**TASK OBJECTIVE**. Whichever lines include the word "bounding", copy them as they appear in the data.

**TASK MATERIAL**.
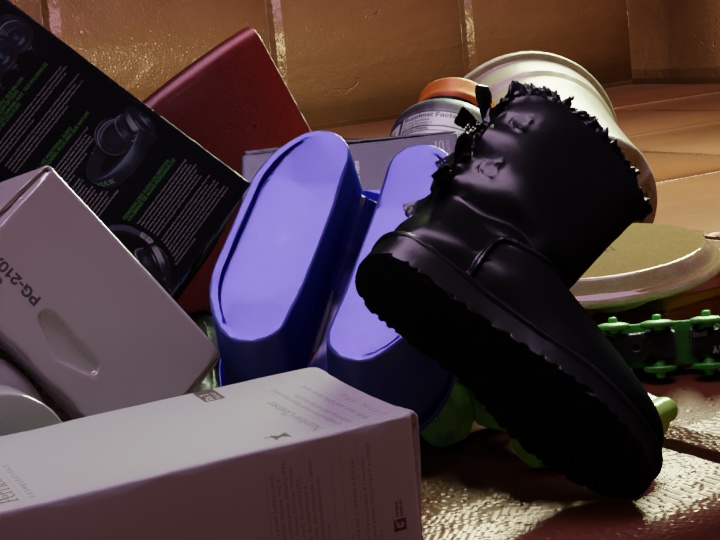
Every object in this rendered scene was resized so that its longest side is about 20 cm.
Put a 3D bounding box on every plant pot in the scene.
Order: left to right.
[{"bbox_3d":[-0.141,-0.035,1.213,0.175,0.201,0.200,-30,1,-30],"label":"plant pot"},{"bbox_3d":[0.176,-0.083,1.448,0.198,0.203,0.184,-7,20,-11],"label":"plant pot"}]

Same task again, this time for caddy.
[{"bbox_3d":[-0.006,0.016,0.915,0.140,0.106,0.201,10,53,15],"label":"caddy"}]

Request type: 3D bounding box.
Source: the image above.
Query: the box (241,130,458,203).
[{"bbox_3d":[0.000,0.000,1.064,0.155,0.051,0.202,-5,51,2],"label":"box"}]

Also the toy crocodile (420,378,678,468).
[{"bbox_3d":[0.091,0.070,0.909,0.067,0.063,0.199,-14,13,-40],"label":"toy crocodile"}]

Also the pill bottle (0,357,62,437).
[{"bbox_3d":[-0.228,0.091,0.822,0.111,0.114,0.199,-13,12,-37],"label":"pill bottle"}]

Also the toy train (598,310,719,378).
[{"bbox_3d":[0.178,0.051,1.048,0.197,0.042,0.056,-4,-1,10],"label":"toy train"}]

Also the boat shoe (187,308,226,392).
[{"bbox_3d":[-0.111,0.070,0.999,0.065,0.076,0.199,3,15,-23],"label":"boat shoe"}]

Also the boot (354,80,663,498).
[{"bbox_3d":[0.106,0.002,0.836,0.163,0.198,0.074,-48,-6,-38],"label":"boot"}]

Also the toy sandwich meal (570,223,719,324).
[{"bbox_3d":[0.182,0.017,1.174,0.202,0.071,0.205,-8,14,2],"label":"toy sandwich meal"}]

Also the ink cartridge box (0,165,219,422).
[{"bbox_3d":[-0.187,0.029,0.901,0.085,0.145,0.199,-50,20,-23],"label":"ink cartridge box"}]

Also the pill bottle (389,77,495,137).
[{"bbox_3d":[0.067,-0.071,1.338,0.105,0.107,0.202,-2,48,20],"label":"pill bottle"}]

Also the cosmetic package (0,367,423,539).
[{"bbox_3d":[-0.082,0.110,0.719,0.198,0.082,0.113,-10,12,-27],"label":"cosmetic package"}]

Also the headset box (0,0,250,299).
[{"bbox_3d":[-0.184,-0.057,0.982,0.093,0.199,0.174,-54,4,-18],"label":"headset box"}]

**REPLY**.
Put a 3D bounding box on every plant pot in the scene.
Request type: 3D bounding box.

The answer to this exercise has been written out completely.